Abstrait, sensible, épuré, le ‘Roméo et Juliette’ de Sasha Waltz l’est d’abord par son décor. Un plateau blanc posé sur la scène, prêt à s’ouvrir comme un tombeau à mesure que l’histoire se dévide : c’est sur cette estrade solennelle que se joue le drame, laissant au chœur, omniprésent, un vaste espace d’expression, sur le modèle de la tragédie antique. Avec ce nouvel opéra dansé (et d’ailleurs bien plus dansé que chanté), Sasha Waltz dépouille la tragédie de Shakespeare de ses éléments « superflus » pour n'en puiser que l’essence : l’histoire d’amour et ses émois intemporels, dont elle infuse de bout en bout sa mise en scène extrêmement complexe, quoique d’apparence sobre.

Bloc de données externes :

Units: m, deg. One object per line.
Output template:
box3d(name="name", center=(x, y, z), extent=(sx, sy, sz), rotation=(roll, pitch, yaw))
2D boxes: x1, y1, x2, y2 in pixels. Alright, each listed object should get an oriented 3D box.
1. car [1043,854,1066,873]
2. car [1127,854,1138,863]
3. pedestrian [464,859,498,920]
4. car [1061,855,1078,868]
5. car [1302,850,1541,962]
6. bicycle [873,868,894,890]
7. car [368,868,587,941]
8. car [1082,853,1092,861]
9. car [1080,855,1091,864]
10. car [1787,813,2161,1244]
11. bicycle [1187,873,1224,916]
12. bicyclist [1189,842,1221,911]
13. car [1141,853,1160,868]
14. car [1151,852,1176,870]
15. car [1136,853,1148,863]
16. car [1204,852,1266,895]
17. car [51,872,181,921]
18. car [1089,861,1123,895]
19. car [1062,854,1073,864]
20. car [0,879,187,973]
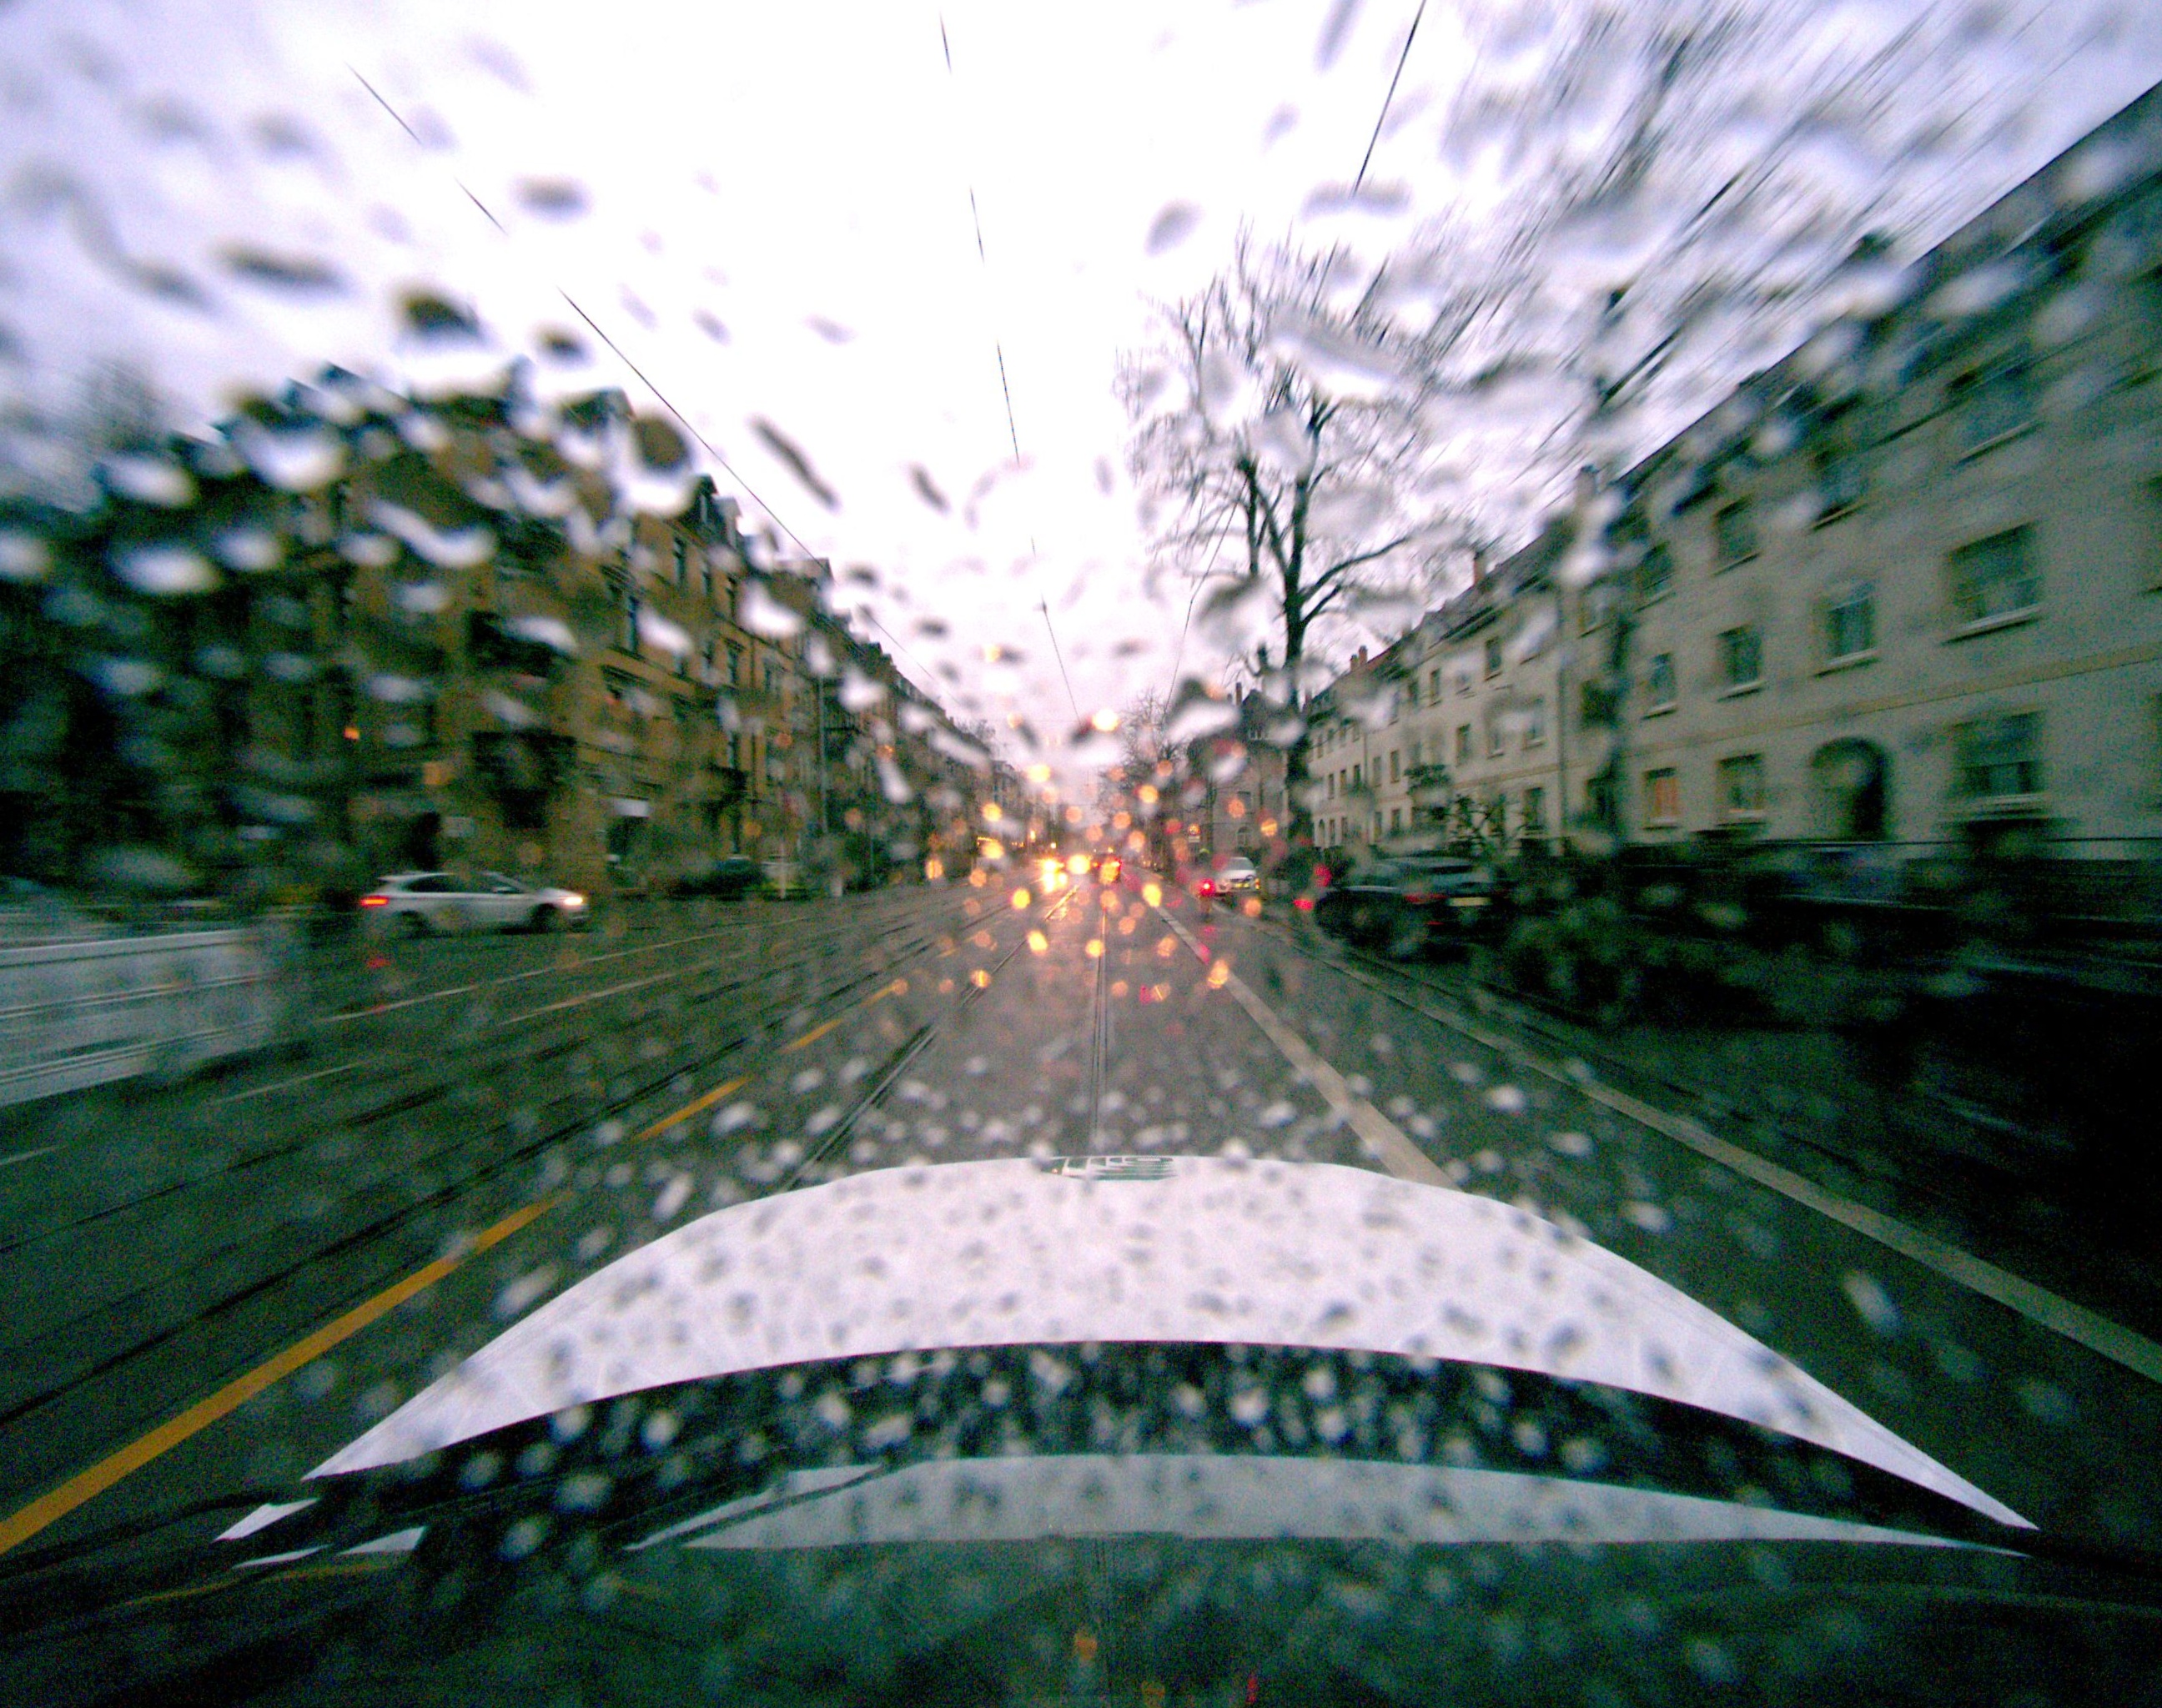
box3d(name="car", center=(-2.494, 0.893, 77.570), extent=(1.916, 1.662, 4.001), rotation=(-1, 0, 2))
box3d(name="car", center=(9.246, 0.836, 146.033), extent=(1.778, 1.509, 4.110), rotation=(-1, 0, 2))
box3d(name="pedestrian", center=(-17.836, 1.036, 24.224), extent=(0.723, 1.773, 0.763), rotation=(-1, 0, -30))
box3d(name="car", center=(-1.486, 0.938, 104.714), extent=(1.916, 1.662, 4.001), rotation=(-1, 0, 2))
box3d(name="car", center=(5.206, 0.703, 13.198), extent=(1.874, 1.420, 4.340), rotation=(-3, 0, -2))
box3d(name="bicycle", center=(-9.480, 1.170, 39.109), extent=(0.494, 1.007, 1.765), rotation=(-1, 0, 3))
box3d(name="car", center=(-14.796, 1.158, 20.274), extent=(4.189, 1.526, 1.979), rotation=(-1, 0, -34))
box3d(name="car", center=(1.263, 0.600, 170.024), extent=(1.916, 1.662, 4.001), rotation=(-1, 0, 2))
box3d(name="car", center=(0.853, 1.008, 151.189), extent=(1.916, 1.662, 4.001), rotation=(-1, 0, 2))
box3d(name="car", center=(4.940, 0.634, 2.417), extent=(1.898, 1.610, 4.565), rotation=(-1, 0, 3))
box3d(name="bicycle", center=(3.160, 1.003, 20.796), extent=(0.728, 1.007, 1.765), rotation=(-1, 0, 3))
box3d(name="bicyclist", center=(3.152, 0.560, 20.788), extent=(0.727, 1.736, 0.766), rotation=(-1, 0, 2))
box3d(name="car", center=(7.443, 0.686, 87.220), extent=(1.778, 1.509, 4.110), rotation=(-1, 0, 2))
box3d(name="car", center=(6.998, 0.585, 69.192), extent=(1.778, 1.509, 4.110), rotation=(-1, 0, 2))
box3d(name="car", center=(9.913, 0.683, 132.902), extent=(1.778, 1.509, 4.110), rotation=(-1, 0, 2))
box3d(name="car", center=(5.826, 0.702, 31.283), extent=(1.778, 1.509, 4.111), rotation=(-1, 0, 3))
box3d(name="car", center=(-32.742, 1.403, 27.636), extent=(3.897, 1.526, 1.768), rotation=(-1, 0, 23))
box3d(name="car", center=(1.554, 1.385, 48.985), extent=(1.793, 1.871, 4.023), rotation=(2, 0, 5))
box3d(name="car", center=(-2.462, 0.912, 149.598), extent=(1.916, 1.720, 4.001), rotation=(-1, 0, 2))
box3d(name="car", center=(-19.175, 1.294, 14.543), extent=(1.706, 1.530, 4.025), rotation=(-1, 0, 29))
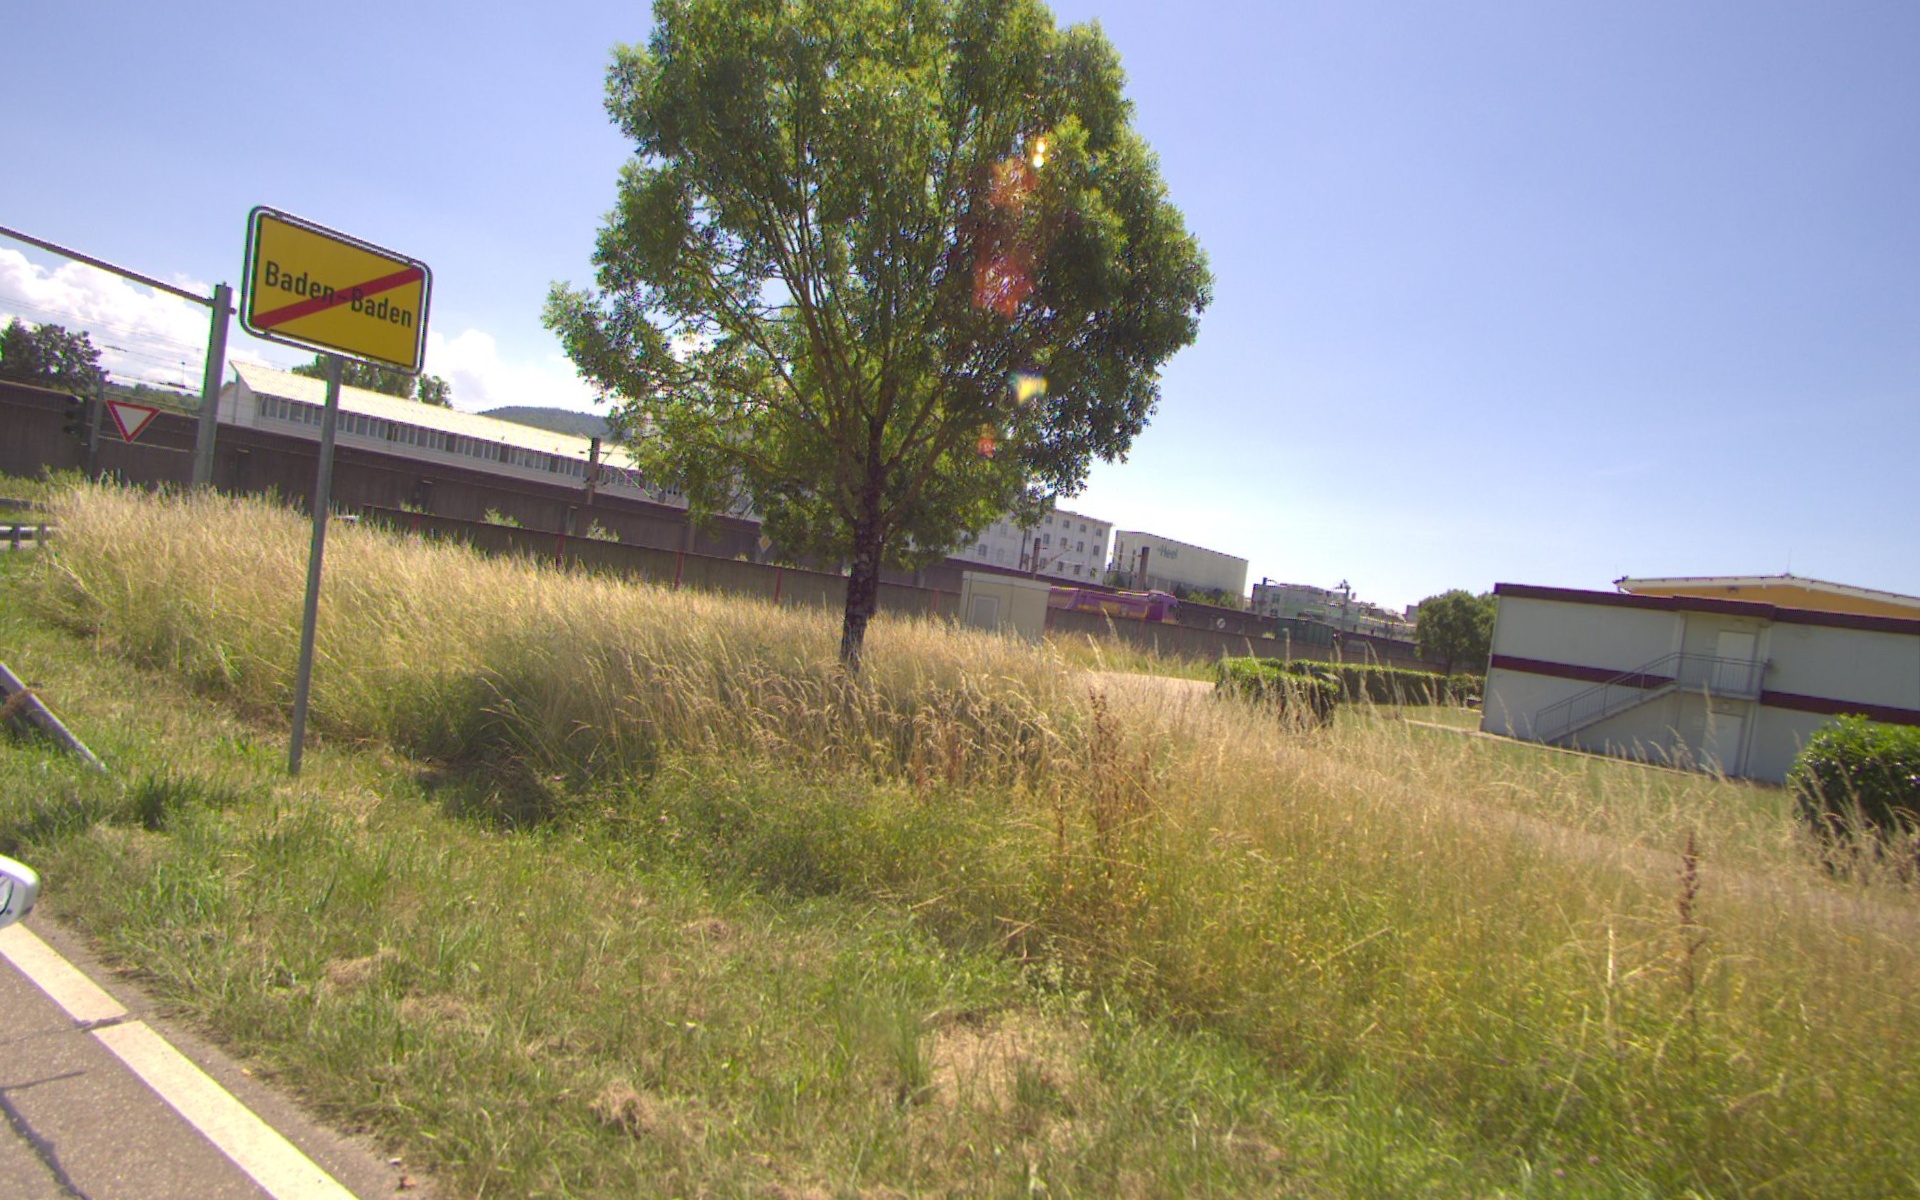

Si, des personnages de Shakespeare, elle ne retient qu'un trio de solistes, Juliette (Aurélie Dupont), Roméo (Hervé Moreau) et Père Laurence (Nicolas Paul), la chorégraphe allemande invite à leurs côtés une centaine d’artistes à se produire sur scène. Défi monstrueux dont elle triomphe avec une virtuosité folle.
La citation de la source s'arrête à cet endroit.